Start of Data for analysis
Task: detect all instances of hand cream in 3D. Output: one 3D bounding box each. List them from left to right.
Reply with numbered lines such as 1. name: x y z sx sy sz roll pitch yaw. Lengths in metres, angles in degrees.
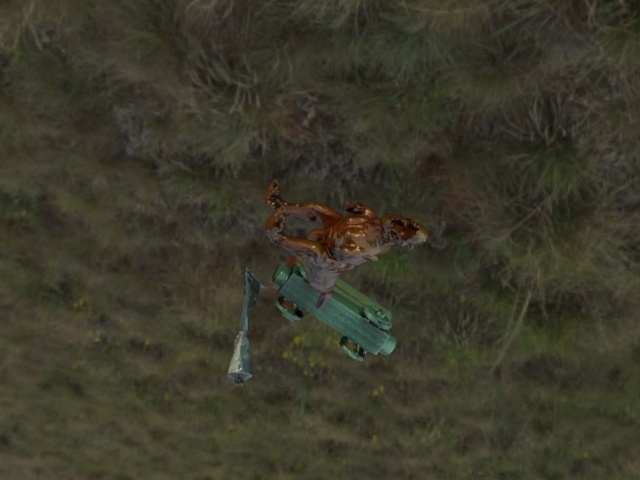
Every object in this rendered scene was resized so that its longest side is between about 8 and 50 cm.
1. hand cream: -0.151 0.183 1.393 0.052 0.248 0.075 8 148 -1

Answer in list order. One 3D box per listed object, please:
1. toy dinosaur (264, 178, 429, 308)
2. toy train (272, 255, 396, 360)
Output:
End of Data for analysis
- **Aim of the task**
When you reach the line that contains "Answer in list" in the material above, please copy it and every line after it exactly, stopping only at the last line.

- **Output of the exercise**
Answer in list order. One 3D box per listed object, please:
1. toy dinosaur (264, 178, 429, 308)
2. toy train (272, 255, 396, 360)
Output:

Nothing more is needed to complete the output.